The CJEU encouraged co-operation between data and competition regulators. It cautioned that, ideally, only data protection regulators should make findings as to whether the particular conduct violated data protection legislation. In instances where a competition regulator identifies a potential infringement of data protection legislation in the context of determining whether conduct amounts to an abuse of dominance, such a decision must be taken in co-operation with the data protection regulator and should be consistent with any decision to be made by the data protection regulator in the future. Such findings (and future findings) on the aspects of data protection should not contradict one another.
The South African context: The Competition Act and POPI
The interaction between competition law, as contained in the Competition Act 89 of 1998 (Competition Act), and other regulated areas of law is not a novel consideration in South Africa.
The Competition Tribunal (Tribunal), in Cape Gate (Pty) Limited v Emfuleni Local Municipality CT Case No: CRP162Jan22/PIL201Feb22 (see link to our previous article here), recently considered whether it had jurisdiction to decide an excessive pricing case against energy providers in light of the sector-specific Energy Regulation Act 4 of 2006 (ERA). The main argument was that the Tribunal did not have jurisdiction as the ERA gave the National Energy Regulator of South Africa (NERSA) the power to investigate instances of discriminatory pricing and that these internal remedies should be exhausted before the Tribunal could be approached.
The Tribunal confirmed that it and NERSA would have concurrent jurisdiction to deal with the issue of pricing in terms of their respective empowering legislation. The Tribunal would, nevertheless, retain authority in terms of enforcing the Competition Act unless expressly ousted.
It also confirmed that once a complaint referral process has been initiated, the Tribunal is obliged to conduct a hearing into the matter to determine whether a prohibited practice (like an abuse of dominance) has occurred.

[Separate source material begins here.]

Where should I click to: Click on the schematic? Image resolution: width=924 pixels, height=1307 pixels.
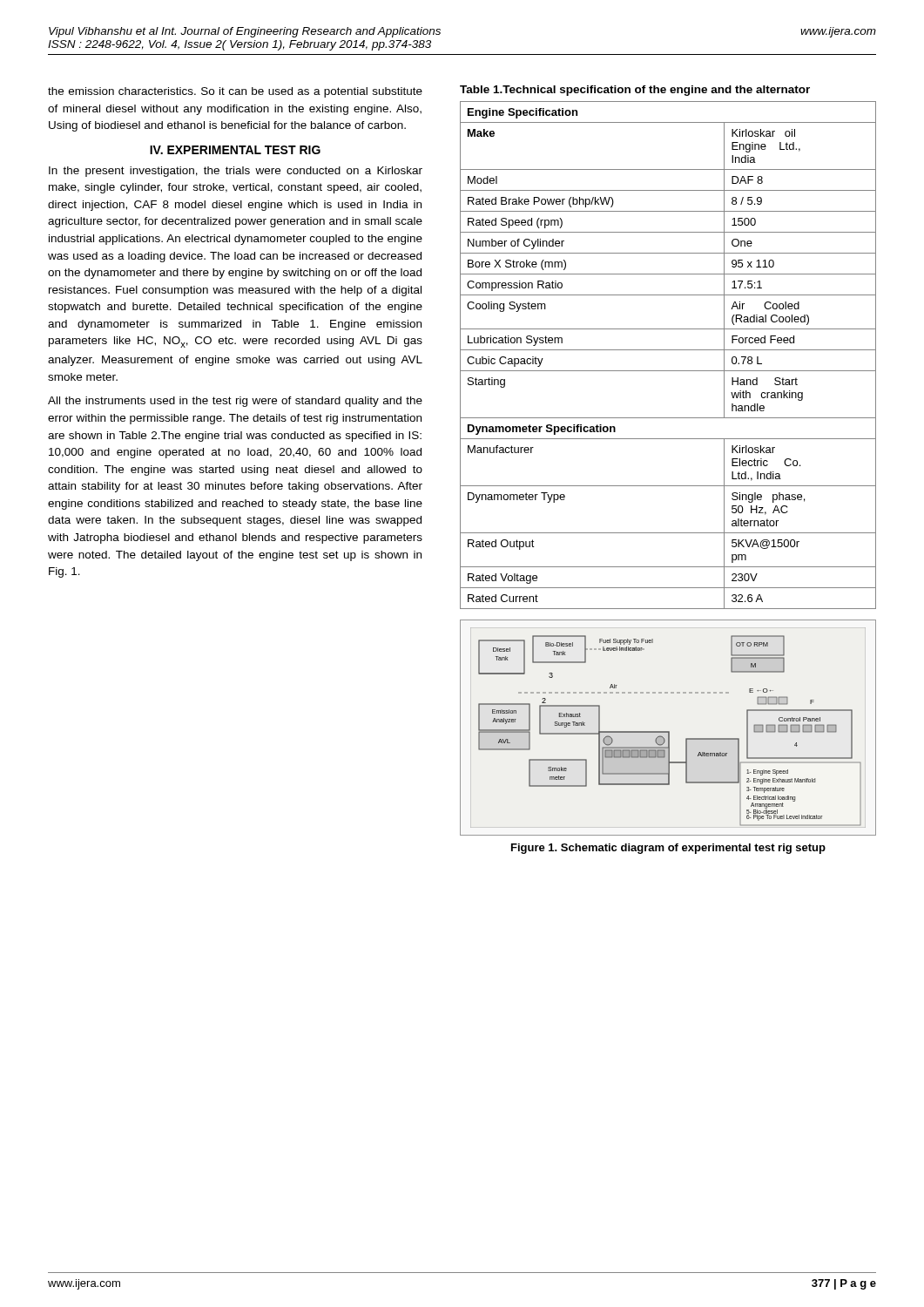click(x=668, y=728)
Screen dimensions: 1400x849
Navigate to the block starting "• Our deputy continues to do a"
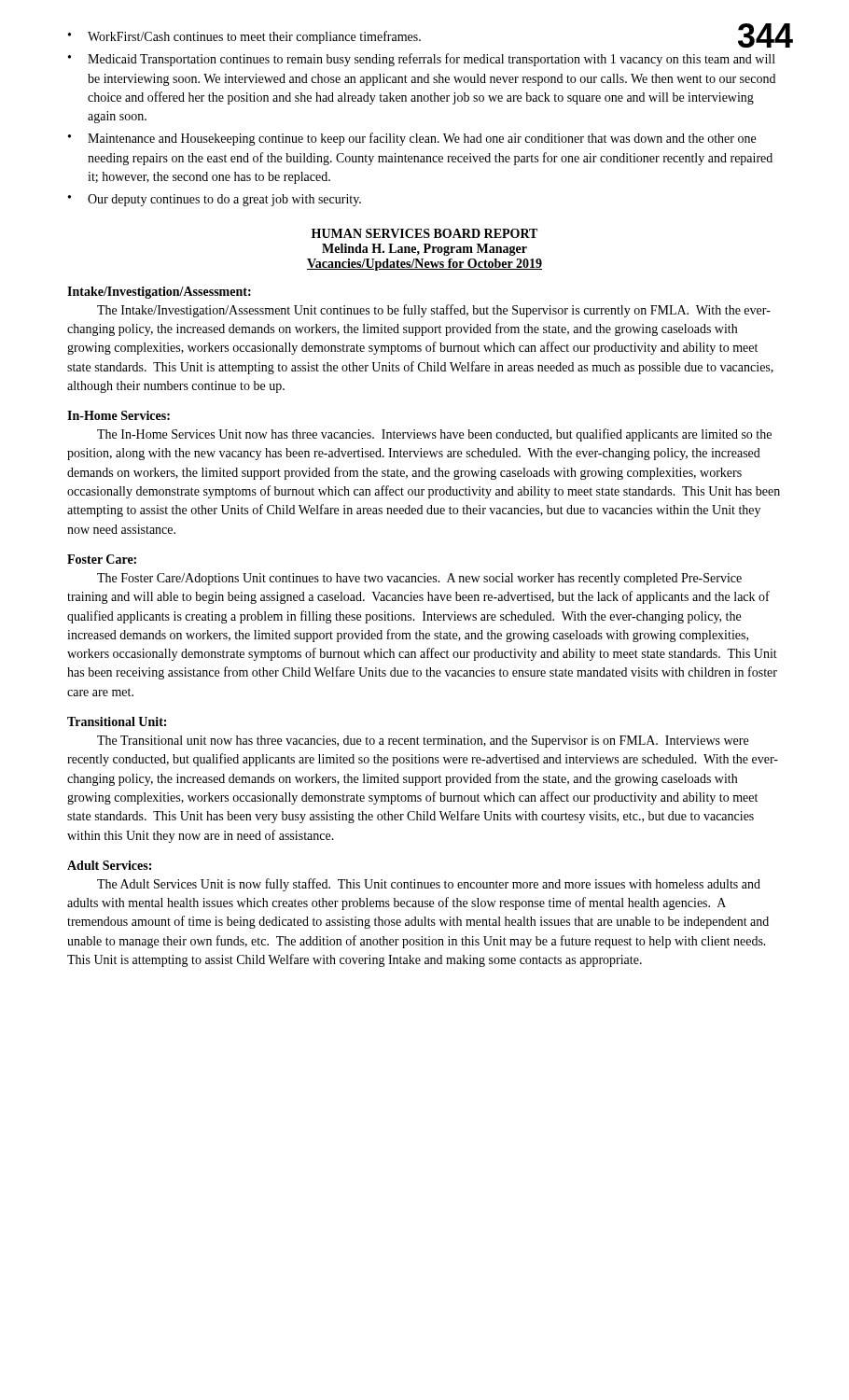point(215,200)

Although the interaction between POPI and the Competition Act has not been ventilated by the Tribunal or any court, it seems conceivable from POPI that such a concurrent jurisdiction would be possible.
POPI envisages co-operation between regulators in that it allows for the Information Regulator to have the ability to consult with other regulators before reaching a decision and also allows for the Information Regulator to refer a complaint to another regulator if it is more appropriate for such a regulator to deal with the complaint.
On the face of POPI and its regulations, there appears to be nothing that would prevent an alleged infringement of POPI also being considered as an abuse of dominance in terms of the Competition Act.
Can a data protection infringement amount to an abuse of dominance?
A firm can only abuse a dominant position where it occupies a dominant position in a market. The Competition Act generally states that firms having a market share of more than 35% would likely be considered dominant.
When considering the types of abuses sanctioned by the Competition Act, there could be conceivable facts where a firm violates POPI in order to accumulate large amounts of valuable personal data. This data could afford it an unfair competitive advantage in a digital market to the disadvantage of (potential) competitors. As recognised by the CJEU, large amounts of data affords firms in digital markets the opportunity to provide more targeted and specialised products and services. Smaller potential entrants, who adhere to the confines of POPI, may not be able to obtain the required data and reach sufficient scale to provide a quality product or service to their customers, entrenching the dominance of the incumbent firm.
The legitimacy of this theory of harm will of course depend on the facts of the given case, but the Meta case and the Information Regulator’s activities nevertheless serve as a stark reminder for firms to treat their POPI commitments seriously to avoid a potential two-pronged attack.